10: Altruism

10. Helping and Prosocial Behavior

By Dennis L. Poepsel and David A. Schroeder, Truman State University, University of Arkansas

People often act to benefit other people, and these acts are examples of prosocial behavior. Such behaviors may take many forms: helping an individual in need; sharing personal resources; volunteering time, effort, and expertise; and cooperating with others to achieve common goals. The focus of this module is on helping—prosocial acts in dyadic situations in which one person is in need, and another provides the necessary assistance to eliminate the other’s need. Although people are often in need, help is not always given. Why not? The decision of whether to help is not as simple or straightforward as it might seem, and many factors need to be considered by those who might help. In this module, we will explore how the decision to help is made by answering the question: Who helps when and why?

Learning Objectives

  • Learn which situational and social factors affect when a bystander will help another in need.
  • Understand which personality and individual difference factors make some people more likely to help than others.
  • Discover whether we help others out of a sense of altruistic concern for the victim, for more self-centered and egoistic motives, or both.

Introduction

A younger man and woman help an elderly gentleman down the street.
People often overestimate their willingness to help others in need, especially when asked about a hypothetical situation rather than when faced with one in real life.

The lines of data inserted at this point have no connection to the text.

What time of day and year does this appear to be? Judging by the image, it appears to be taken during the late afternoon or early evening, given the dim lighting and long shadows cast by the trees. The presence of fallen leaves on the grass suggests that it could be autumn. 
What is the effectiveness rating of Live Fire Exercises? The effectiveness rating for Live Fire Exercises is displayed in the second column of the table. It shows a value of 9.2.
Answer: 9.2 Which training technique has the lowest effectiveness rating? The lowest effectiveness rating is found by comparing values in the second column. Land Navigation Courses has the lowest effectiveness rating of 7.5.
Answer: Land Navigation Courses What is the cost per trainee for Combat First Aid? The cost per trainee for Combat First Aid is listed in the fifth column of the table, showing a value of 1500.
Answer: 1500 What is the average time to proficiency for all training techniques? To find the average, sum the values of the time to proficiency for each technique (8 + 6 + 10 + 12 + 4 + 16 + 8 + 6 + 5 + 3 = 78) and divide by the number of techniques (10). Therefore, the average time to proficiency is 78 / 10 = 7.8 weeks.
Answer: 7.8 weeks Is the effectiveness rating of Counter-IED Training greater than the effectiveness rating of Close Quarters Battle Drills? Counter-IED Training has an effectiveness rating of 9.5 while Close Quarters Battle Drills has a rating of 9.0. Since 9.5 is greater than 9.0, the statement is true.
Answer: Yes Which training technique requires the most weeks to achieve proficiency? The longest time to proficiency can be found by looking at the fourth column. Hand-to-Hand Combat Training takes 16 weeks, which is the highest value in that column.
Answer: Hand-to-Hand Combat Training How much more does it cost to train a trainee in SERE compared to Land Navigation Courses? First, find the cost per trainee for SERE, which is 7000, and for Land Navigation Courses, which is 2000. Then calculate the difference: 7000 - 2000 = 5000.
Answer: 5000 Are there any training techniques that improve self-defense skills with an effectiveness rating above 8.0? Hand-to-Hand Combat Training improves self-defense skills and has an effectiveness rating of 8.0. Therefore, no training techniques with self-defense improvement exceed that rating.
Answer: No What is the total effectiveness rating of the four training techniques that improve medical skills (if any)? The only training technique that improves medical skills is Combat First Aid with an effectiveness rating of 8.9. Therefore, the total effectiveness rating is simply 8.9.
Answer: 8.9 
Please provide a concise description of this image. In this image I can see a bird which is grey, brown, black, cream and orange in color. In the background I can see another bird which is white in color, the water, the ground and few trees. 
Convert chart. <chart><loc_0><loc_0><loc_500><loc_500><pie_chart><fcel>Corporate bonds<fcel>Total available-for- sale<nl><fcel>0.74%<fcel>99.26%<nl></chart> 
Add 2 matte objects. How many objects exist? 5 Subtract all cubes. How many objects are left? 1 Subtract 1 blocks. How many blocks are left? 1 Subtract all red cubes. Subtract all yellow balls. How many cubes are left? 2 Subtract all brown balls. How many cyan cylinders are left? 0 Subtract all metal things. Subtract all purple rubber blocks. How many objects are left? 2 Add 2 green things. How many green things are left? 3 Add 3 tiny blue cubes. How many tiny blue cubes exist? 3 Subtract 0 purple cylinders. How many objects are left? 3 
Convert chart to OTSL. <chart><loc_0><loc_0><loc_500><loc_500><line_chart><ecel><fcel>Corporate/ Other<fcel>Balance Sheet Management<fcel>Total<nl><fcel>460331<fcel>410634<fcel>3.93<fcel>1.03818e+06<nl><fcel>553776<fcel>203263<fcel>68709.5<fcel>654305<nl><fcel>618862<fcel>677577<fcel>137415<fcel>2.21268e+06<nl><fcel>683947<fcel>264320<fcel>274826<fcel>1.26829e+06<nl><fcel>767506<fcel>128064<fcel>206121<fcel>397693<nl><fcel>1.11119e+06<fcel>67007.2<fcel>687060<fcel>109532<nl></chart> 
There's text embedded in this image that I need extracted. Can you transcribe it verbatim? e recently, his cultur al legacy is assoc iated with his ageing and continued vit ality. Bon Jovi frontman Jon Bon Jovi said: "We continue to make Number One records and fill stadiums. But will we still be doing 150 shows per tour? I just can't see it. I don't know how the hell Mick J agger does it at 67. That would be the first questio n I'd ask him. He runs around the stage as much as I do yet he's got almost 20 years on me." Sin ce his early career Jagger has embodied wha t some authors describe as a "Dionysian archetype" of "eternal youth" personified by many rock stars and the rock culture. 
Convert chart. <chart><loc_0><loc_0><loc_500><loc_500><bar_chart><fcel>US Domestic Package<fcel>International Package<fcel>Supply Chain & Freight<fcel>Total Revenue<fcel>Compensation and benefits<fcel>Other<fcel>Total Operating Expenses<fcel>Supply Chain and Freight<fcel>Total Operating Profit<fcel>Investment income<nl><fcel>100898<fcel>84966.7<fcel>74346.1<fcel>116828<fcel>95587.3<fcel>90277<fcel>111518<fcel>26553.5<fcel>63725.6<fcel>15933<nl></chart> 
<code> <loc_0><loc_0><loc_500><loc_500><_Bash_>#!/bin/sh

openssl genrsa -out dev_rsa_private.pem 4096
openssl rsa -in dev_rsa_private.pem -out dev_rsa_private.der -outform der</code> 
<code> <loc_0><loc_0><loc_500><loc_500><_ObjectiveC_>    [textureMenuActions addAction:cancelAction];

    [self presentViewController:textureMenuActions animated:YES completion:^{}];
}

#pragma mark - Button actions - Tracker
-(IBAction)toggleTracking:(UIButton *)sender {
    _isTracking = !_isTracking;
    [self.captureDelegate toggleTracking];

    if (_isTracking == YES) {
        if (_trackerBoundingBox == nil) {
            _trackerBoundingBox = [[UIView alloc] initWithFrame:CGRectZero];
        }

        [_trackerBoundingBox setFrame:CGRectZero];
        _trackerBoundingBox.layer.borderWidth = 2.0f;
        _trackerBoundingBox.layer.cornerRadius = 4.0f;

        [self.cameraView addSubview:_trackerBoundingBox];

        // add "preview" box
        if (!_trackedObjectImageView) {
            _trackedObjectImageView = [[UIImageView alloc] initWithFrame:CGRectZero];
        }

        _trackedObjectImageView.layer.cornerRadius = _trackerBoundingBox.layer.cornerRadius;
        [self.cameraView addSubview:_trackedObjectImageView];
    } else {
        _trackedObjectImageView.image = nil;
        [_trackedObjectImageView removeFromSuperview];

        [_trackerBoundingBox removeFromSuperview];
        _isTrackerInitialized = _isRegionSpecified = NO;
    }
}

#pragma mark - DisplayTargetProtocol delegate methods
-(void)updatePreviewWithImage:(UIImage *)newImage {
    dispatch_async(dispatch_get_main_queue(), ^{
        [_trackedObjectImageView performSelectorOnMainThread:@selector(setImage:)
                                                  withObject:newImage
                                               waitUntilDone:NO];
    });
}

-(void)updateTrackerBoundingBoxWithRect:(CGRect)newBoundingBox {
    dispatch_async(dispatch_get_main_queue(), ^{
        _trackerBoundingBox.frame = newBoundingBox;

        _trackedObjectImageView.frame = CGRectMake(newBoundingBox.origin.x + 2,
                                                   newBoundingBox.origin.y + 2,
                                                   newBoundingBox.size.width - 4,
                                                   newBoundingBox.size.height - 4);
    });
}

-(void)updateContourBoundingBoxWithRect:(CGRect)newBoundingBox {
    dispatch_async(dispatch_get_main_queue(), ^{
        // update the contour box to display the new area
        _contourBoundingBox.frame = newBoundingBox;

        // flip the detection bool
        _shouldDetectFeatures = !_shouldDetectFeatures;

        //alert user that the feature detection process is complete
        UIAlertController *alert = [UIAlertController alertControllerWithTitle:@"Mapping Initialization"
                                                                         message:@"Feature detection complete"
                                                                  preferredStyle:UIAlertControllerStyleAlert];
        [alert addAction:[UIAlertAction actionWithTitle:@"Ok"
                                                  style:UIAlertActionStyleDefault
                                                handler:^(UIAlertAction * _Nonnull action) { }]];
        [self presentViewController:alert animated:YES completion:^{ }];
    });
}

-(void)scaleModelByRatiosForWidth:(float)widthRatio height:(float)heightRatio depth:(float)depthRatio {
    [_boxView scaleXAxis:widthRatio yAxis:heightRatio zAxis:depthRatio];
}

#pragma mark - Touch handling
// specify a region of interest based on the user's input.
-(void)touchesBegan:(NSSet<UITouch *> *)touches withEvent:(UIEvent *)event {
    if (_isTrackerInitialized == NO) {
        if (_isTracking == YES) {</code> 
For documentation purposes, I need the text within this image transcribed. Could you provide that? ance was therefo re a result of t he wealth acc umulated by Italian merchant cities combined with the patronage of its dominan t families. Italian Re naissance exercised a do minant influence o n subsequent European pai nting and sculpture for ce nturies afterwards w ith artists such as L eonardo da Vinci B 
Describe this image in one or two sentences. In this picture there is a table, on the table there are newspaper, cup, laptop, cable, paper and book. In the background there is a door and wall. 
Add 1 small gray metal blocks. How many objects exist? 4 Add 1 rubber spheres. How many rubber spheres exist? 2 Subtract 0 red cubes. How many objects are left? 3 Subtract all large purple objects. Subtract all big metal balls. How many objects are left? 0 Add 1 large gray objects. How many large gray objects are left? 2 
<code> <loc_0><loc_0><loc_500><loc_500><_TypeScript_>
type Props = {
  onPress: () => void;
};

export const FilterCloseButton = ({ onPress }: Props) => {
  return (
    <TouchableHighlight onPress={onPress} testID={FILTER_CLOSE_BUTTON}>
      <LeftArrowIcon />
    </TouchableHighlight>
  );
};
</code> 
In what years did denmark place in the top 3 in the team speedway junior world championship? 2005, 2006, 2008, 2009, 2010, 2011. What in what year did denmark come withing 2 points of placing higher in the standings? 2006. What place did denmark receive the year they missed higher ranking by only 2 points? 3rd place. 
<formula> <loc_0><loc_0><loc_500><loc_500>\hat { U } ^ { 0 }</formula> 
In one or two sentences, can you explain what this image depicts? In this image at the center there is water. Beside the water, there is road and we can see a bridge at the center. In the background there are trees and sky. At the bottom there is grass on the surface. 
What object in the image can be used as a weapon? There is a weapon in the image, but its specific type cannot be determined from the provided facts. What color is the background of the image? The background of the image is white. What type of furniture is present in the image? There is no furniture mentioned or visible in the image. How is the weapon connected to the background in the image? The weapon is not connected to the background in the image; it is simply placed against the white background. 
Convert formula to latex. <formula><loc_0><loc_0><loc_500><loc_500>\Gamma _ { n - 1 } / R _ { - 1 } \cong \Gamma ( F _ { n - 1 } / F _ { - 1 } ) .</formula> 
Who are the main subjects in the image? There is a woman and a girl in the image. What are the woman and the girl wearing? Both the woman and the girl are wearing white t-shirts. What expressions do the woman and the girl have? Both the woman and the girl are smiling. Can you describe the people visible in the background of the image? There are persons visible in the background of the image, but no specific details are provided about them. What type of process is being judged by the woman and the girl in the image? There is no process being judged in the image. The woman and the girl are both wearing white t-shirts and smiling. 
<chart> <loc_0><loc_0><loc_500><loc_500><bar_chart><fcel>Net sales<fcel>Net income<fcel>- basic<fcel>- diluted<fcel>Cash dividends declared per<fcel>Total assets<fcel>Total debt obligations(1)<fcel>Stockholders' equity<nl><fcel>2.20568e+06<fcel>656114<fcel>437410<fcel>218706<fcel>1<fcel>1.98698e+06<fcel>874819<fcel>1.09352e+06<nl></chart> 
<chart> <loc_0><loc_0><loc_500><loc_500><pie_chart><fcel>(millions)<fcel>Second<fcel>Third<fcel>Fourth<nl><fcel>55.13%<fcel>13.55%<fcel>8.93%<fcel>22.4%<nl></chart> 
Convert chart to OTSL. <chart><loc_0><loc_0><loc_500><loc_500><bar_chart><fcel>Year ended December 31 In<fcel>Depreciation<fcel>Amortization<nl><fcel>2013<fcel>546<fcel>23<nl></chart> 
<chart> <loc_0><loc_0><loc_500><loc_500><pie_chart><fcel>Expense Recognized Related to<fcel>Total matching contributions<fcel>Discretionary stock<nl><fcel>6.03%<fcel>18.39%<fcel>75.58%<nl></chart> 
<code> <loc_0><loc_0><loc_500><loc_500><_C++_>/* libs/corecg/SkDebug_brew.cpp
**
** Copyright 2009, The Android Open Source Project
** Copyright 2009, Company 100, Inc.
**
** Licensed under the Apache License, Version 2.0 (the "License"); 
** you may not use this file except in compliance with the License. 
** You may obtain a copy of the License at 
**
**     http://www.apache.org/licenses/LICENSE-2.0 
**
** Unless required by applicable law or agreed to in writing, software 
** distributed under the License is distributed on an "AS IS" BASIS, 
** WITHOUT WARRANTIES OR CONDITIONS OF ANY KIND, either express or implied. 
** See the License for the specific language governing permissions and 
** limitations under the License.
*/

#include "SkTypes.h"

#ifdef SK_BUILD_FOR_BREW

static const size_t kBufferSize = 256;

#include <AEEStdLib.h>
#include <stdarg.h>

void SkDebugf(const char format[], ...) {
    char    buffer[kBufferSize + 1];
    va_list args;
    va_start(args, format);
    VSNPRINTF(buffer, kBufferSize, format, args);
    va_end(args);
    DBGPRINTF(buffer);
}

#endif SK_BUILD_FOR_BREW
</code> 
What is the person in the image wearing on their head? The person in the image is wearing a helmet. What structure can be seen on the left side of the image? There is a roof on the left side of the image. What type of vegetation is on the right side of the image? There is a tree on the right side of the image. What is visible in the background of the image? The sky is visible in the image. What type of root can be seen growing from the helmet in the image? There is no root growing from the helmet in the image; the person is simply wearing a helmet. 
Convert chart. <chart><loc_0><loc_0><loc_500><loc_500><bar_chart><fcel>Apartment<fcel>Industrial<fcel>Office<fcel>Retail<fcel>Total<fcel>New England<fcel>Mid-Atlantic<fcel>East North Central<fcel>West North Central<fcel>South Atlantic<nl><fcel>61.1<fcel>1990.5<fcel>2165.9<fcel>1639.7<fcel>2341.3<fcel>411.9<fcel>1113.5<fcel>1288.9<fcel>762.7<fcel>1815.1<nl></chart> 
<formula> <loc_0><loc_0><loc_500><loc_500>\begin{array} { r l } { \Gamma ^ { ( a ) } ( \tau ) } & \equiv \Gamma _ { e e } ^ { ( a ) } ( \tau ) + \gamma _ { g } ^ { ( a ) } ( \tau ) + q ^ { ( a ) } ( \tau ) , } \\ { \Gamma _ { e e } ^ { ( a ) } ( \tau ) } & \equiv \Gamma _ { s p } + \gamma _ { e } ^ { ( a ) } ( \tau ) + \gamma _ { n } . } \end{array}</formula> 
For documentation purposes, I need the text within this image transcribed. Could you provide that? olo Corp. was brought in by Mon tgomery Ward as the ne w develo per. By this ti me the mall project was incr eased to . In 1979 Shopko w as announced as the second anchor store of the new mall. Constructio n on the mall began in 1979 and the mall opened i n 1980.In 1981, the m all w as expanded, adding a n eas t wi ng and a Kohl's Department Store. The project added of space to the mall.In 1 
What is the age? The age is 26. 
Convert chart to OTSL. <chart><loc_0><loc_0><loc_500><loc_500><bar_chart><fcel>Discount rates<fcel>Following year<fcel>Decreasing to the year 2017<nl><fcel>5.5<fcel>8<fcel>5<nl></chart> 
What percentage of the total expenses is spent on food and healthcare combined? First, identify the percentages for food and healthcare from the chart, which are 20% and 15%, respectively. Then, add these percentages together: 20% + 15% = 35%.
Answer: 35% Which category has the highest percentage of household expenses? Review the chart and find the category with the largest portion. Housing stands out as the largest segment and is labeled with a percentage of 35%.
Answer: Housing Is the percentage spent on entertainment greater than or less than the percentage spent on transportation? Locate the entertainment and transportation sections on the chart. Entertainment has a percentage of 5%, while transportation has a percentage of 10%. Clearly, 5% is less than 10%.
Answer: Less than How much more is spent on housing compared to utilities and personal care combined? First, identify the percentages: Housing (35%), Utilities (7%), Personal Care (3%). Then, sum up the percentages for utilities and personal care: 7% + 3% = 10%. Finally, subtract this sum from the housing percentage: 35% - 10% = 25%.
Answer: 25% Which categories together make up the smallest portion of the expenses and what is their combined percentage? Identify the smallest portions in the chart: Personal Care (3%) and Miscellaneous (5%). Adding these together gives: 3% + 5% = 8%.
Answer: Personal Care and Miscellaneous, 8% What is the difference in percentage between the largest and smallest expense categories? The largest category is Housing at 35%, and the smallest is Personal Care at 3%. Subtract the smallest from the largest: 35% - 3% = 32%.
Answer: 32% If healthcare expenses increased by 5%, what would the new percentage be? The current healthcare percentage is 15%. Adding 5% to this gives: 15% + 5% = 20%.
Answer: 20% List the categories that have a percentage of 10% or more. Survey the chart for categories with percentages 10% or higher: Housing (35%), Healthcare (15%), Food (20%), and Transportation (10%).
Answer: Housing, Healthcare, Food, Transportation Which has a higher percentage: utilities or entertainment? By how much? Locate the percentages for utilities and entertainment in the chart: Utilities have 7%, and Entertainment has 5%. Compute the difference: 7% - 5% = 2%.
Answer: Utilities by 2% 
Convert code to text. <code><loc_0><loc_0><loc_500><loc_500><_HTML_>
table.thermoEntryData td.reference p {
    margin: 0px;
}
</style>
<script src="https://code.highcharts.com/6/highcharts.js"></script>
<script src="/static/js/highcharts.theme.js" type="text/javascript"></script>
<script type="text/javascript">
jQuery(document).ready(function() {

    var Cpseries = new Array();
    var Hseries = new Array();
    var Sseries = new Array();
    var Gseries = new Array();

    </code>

Go to YouTube and search for episodes of “Primetime: What Would You Do?” You will find video segments in which apparently innocent individuals are victimized, while onlookers typically fail to intervene. The events are all staged, but they are very real to the bystanders on the scene. The entertainment is in the nature of bystanders’ responses, and viewers are outraged when bystanders fail to intervene. They are convinced that they would have helped. But would they? Viewers are overly optimistic about their ability to play the hero. Helping may occur frequently, but help is not always given to those in need. So when do people help, and when do they not? Not everyone is equally helpful—who helps? Why would a person help another in the first place? Many factors go into a person’s decision to help—a fact that the viewers do not fully appreciate. This module will answer the question: Who helps when and why?

When Do People Help?

Social psychologists are interested in answering this question because people vary in their tendency to help others. In 2010, for instance, Hugo Alfredo Tale-Yax was stabbed when he apparently tried to intervene in an argument between a man and a woman. As he lay dying in the street, only one man checked his status, but many others simply glanced at the scene and continued on their way. (One passerby did stop to take a cellphone photo, however.) Unfortunately, failures to come to the aid of someone in need are not unique, as the segments on “What Would You Do?” show. Help is not always forthcoming for those who may need it the most. Trying to understand why people do not always help became the focus of bystander intervention research (e.g., Latané & Darley, 1970).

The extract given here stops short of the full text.